Par Laurent Giordano.
«Pratiquer une médecine non conventionnelle (MNC) n’est pas aisé juridiquement parlant», explique Isabelle Robard, avocate spécialisée en droit de la santé. «D’un côté, des professionnels de santé peuvent, sous certaines conditions, enrichir leur pratique de MNC, mais ils sont parfois poursuivis par l’ordre des médecins pour thérapeutique insuffisamment éprouvée ou charlatanisme! De l’autre, des praticiens non médicaux ni paramédicaux, ayant une activité qui peut, parfois, être considérée comme médicale, sont de temps à autre poursuivis pour exercice illégal de la médecine. L’absence de réglementation claire favorise les litiges.»
Les pratiques les plus courantes
Mais alors, qui peut faire quoi au regard de la loi? Voici un aperçu, non exhaustif, de la situation pour les MNC les plus courantes.
● L’acupuncture ne peut être exercée légalement que par les médecins et les sages-femmes ayant obtenu un diplôme universitaire (DU) ou interuniversitaire (DIU) délivré par de nombreuses facultés de médecine.
● L’homéopathie est réservée aux médecins, sages-femmes, dentistes et vétérinaires titulaires d’un diplôme délivré par une université ou un institut agréé par l’État.
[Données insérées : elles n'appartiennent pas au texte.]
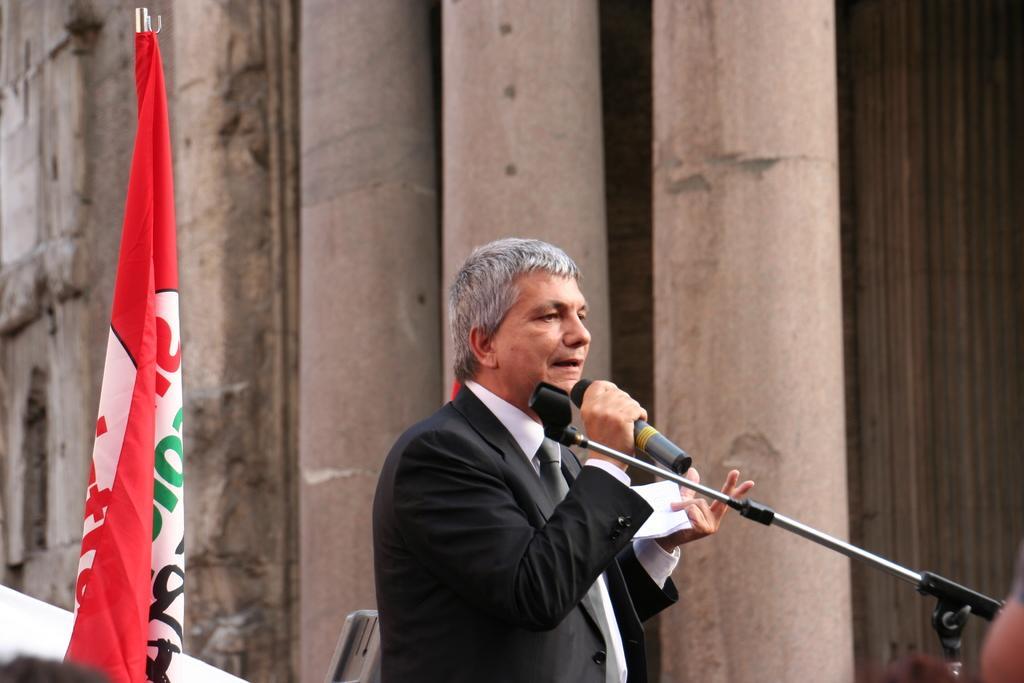In one or two sentences, can you explain what this image depicts? The picture consists of only one person in the middle wearing a black suit and tie and he is holding a microphone and one paper in other hand, behind him there is a flag and beside him there are big pillars and building. 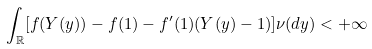<formula> <loc_0><loc_0><loc_500><loc_500>\int _ { \mathbb { R } } [ f ( Y ( y ) ) - f ( 1 ) - f ^ { \prime } ( 1 ) ( Y ( y ) - 1 ) ] \nu ( d y ) < + \infty</formula> 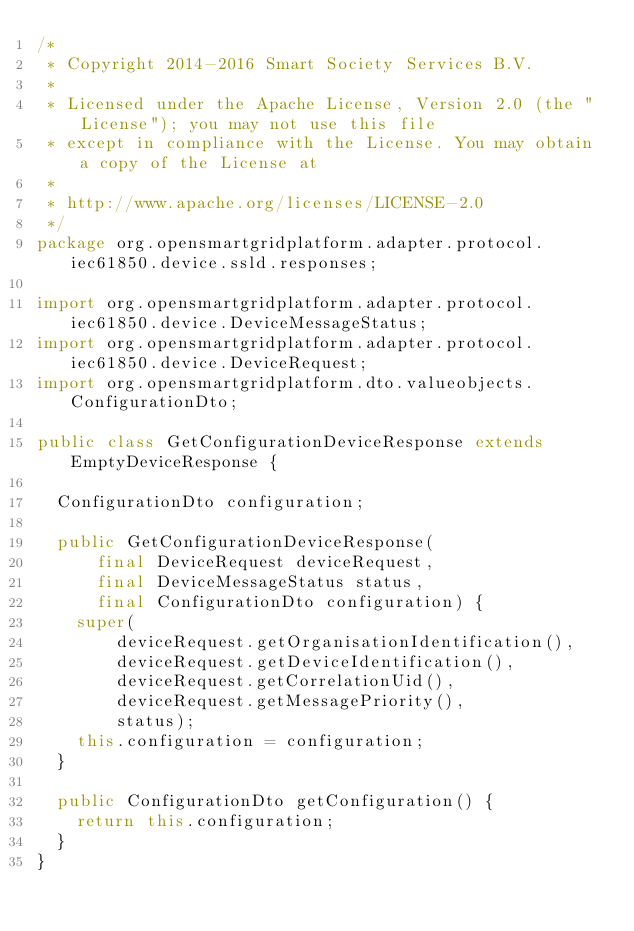<code> <loc_0><loc_0><loc_500><loc_500><_Java_>/*
 * Copyright 2014-2016 Smart Society Services B.V.
 *
 * Licensed under the Apache License, Version 2.0 (the "License"); you may not use this file
 * except in compliance with the License. You may obtain a copy of the License at
 *
 * http://www.apache.org/licenses/LICENSE-2.0
 */
package org.opensmartgridplatform.adapter.protocol.iec61850.device.ssld.responses;

import org.opensmartgridplatform.adapter.protocol.iec61850.device.DeviceMessageStatus;
import org.opensmartgridplatform.adapter.protocol.iec61850.device.DeviceRequest;
import org.opensmartgridplatform.dto.valueobjects.ConfigurationDto;

public class GetConfigurationDeviceResponse extends EmptyDeviceResponse {

  ConfigurationDto configuration;

  public GetConfigurationDeviceResponse(
      final DeviceRequest deviceRequest,
      final DeviceMessageStatus status,
      final ConfigurationDto configuration) {
    super(
        deviceRequest.getOrganisationIdentification(),
        deviceRequest.getDeviceIdentification(),
        deviceRequest.getCorrelationUid(),
        deviceRequest.getMessagePriority(),
        status);
    this.configuration = configuration;
  }

  public ConfigurationDto getConfiguration() {
    return this.configuration;
  }
}
</code> 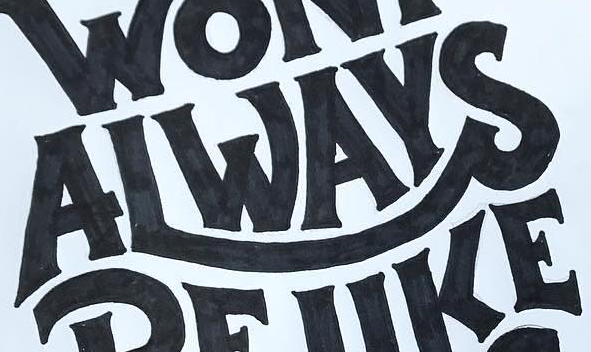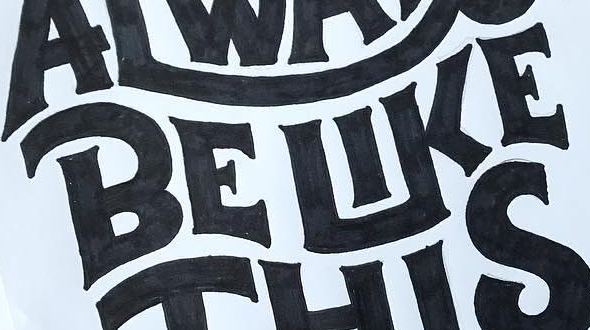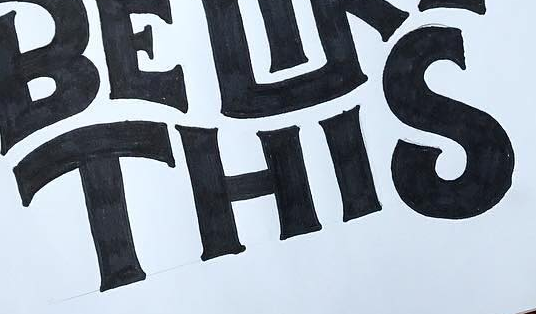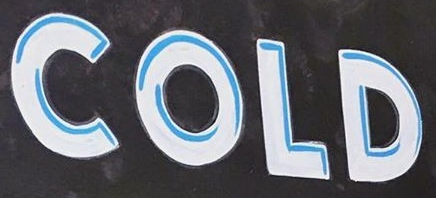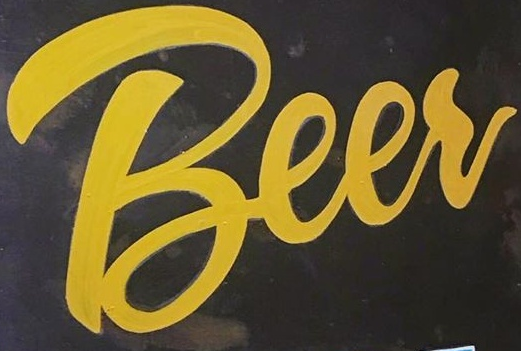Transcribe the words shown in these images in order, separated by a semicolon. ALWAYS; BELIKE; THIS; COLD; Beer 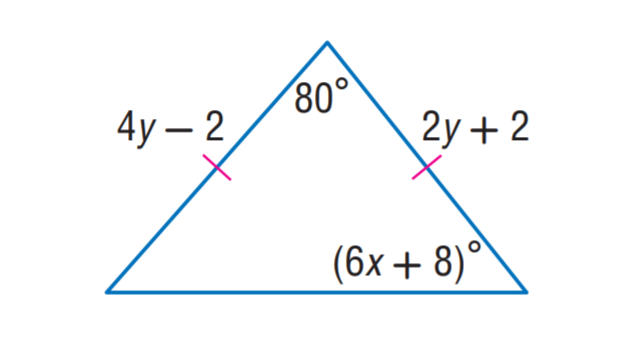Answer the mathemtical geometry problem and directly provide the correct option letter.
Question: Find y.
Choices: A: 1 B: 2 C: 3 D: 4 B 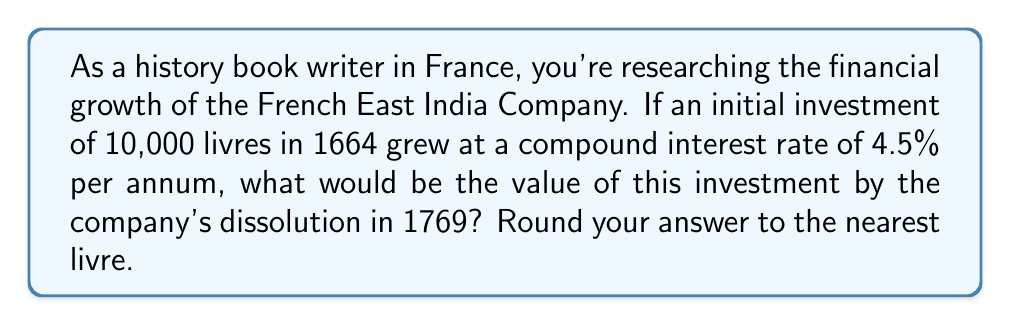Could you help me with this problem? To solve this problem, we'll use the compound interest formula:

$$A = P(1 + r)^t$$

Where:
$A$ = Final amount
$P$ = Principal (initial investment)
$r$ = Annual interest rate (as a decimal)
$t$ = Time in years

Given:
$P = 10,000$ livres
$r = 4.5\% = 0.045$
$t = 1769 - 1664 = 105$ years

Let's substitute these values into the formula:

$$A = 10,000(1 + 0.045)^{105}$$

Now, let's calculate:

$$A = 10,000 \times (1.045)^{105}$$

Using a calculator or computer for this large exponent:

$$A = 10,000 \times 106.2307...$$

$$A = 1,062,307.23...$$

Rounding to the nearest livre:

$$A \approx 1,062,307\text{ livres}$$
Answer: 1,062,307 livres

Les pharmaciens peuvent suivre le cursus et obtenir un certificat en homéopathie. Ils peuvent conseiller, mais pas prescrire.
● L’ostéopathie et la chiropraxie. Médecins, kinésithérapeutes, sages-femmes et infirmiers ont accès à un diplôme d’ostéopathie (DO) délivré par des universités ou des instituts agréés. C’est un titre mais pas un diplôme d’État.
● Le «toucher thérapeutique» ou massage relationnel peut être pratiqué par les kinésithérapeutes, les infirmières et les psychomotriciens, sans condition de diplôme.
● Pour l’hypnose, il existe de nombreuses formations universitaires et un institut privé (l’Institut français d’hypnose) dédié aux personnels de santé, mais aucune formation ni diplôme d’État ne sont exigés, alors que la jurisprudence considère l’hypnose comme un acte médical!
L’ordre des médecins attentif
Cette situation absurde est le lot de nombreuses MNC. Heureusement, en l’absence d’encadrement légal ou réglementaire, les syndicats et associations de mésothérapeutes, sophrologues... s’organisent par eux-mêmes en créant des formations et diplômes ad hoc. Mais rien n’est officiellement reconnu par l’État.
Pour les médecins, la pratique reste risquée. Moins une thérapie non conventionnelle a fait ses preuves scientifiques, plus l’ordre des médecins sera attentif. Pour un médecin, par exemple, l’acupuncture est moins risquée que l’ozonothérapie (traitement par de l’ozone à faible concentration). «Plusieurs ozonothérapeutes ont été poursuivis pour charlatanisme en France, alors qu’en Allemagne leurs actes sont remboursés par la Sécurité sociale», explique Me Isabelle Robard. Des pratiques courantes, telle l’homéopathie, peuvent aussi déboucher sur des poursuites. En 2007, une homéopathe célèbre a été condamnée pour charlatanisme.
Au final, les non soignants sont les plus attirés par l’exercice des MNC alors que la réglementation n’a quasiment rien prévu pour eux. Seule la pratique de l’ostéopathie et de la chiropraxie a été légalisée par la loi Kouchner de 2002. Pour les autres praticiens plane le risque d’exercice illégal de la médecine. Certains baignent clairement dans l’illégalité. D’autres sont sur le fil du rasoir. Ils s’affichent comme experts du bien-être, alors que leurs pratiques sont clairement du soin.